If humans manage to invent a virus that wipes us out, would you still call that intelligent? If so it is not that sort of intelligence we need to create… we need to create things that win in the end, not have short term wins and then destroy itself.
“More generally, intelligence isn’t magical: if there’s any way we can tell whether a change in an AGI represents a bug or an improvement, then there’s an algorithm that an AI can run to do the same.”
Except that we don’t—can’t—do it by pure armchair thought, which is what the recursive self-improvement proposal amounts to.
The approach of testing a new version in a sandbox had occurred to me, and I agree it is a very promising one for many things—but recursive self-improvement isn’t among them! Consider, what’s the primary capability for which version N+1 is being tested? Why, the ability to create version N+2… which involves testing N+2… which involves creating N+3… etc.
Again, there’s enough correlation between ability to perform certain tasks that you don’t need an infinite recursion. To test AIv(N+1)‘s ability to program to exact specification, instead of having it program AIv(N+2) have it instead program some other things that AIvN finds difficult (but whose solutions are within AIvN’s power to verify). That we will be applying AIv(N+1)’s precision programming to itself doesn’t mean we can’t test it on non-recursive data first.
ETA: Of course, since we want the end result to be a superintelligence, AIvN might also ask AIv(N+1) for verifiable insight into an array of puzzling questions, some of which AIvN can’t figure out but suspects are tractable with increased intelligence.
If you observed something to work 15 times, how do you know that it’ll work 16th time?
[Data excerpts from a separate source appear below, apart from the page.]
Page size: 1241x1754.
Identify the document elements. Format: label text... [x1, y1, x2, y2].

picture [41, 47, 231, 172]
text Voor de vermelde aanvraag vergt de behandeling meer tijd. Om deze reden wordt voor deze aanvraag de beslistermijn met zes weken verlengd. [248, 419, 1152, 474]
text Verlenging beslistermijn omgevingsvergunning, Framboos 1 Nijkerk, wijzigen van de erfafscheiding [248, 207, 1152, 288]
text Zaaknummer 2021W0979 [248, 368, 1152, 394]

You obtain a model of increasing precision with each test, that lets you predict what happens next, on a test you haven’t performed yet. The same way, you can try to predict what happens on the first try, before any observations took place.
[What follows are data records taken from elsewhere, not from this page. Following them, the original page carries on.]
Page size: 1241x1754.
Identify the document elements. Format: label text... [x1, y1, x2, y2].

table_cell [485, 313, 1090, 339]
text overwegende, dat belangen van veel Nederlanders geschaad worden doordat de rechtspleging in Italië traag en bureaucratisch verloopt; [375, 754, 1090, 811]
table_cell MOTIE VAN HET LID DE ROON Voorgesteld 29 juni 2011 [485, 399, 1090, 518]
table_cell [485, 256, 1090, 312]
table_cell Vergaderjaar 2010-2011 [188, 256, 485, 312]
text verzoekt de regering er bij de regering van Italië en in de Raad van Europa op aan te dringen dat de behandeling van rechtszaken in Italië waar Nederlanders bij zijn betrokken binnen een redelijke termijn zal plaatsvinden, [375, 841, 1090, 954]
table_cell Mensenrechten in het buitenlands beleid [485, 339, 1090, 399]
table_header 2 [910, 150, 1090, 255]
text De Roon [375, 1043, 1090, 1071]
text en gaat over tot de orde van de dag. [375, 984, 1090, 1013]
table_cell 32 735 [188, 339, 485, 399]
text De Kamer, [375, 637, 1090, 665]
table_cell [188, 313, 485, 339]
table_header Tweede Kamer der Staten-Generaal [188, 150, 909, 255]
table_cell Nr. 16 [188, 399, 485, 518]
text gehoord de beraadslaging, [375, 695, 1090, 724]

Another point is that testing can be a part of the final product: instead of building a working gizmo, you build a generic self-testing adaptive gizmo that finds the right parameters itself, and that is pre-designed to do that in the most optimal way.
Unfortunately there are three fundamental problems, any one of which would suffice to make this approach unworkable even in principle.
Keep the bolded context in mind.
What constitutes an improvement is not merely a property of the program, but also a property of the world. Even if an AI program could find improvements, it could not distinguish them from bugs.
There are large classes of problem for which this is not the case. For example, “make accurate predictions about future sensory data based on past sensory data” relates program to world, but optimizing for this task is a property of the time, memory, and accuracy trade-offs involved. At the very least, your objection fails to apply “even in principle”.
Any significant AI program is the best effort of one or more highly skilled human programmers. To qualitatively improve on that work, the program would have to be at least as smart as the humans, so even if recursive self-improvement were workable, which it isn’t, it would be irrelevant until after human level intelligence is reached by other means.
This depends on the definition of “qualitatively improve”. It seems Eurisko improved itself in important ways that Lenat couldn’t have done by hand, so I think this too fails the “even in principle” test.
Any self-modifying system relies, for the ability to constructively modify upper layers of content, on unchanging lower layers of architecture. This is a general principle that applies to all complex systems from engineering to biology to politics.
This seems the most reasonable objection of the three. Interestingly enough, Eliezer claims it’s this very difference that makes self-improving AI unique.
I think this also fails to apply universally, for somewhat more subtle reasons involving the nature of software. A self-improving AI possessing precise specifications of its components has no need for a constant lower layer of architecture (except if you mean the hardware, which is a very different question). The Curry-Howard isomorphism offers a proof-of-concept here: An AI composed of precise logical propositions can arbitrarily rewrite its proofs/programs with any other program of an equivalent type. If you can offer a good argument for why this is impossible in principle, I’d be interested in hearing it.
“It seems Eurisko improved itself in important ways that Lenat couldn’t have done by hand”
As far as I can see, the only self improvements it came up with were fairly trivial ones that Lenat could easily have done by hand. Where it came up with important improvements that Lenat wouldn’t have thought of by himself was in the Traveler game—a simple formal puzzle, fully captured by a set of rules that were coded into the program, making the result a success in machine learning but not self-improvement.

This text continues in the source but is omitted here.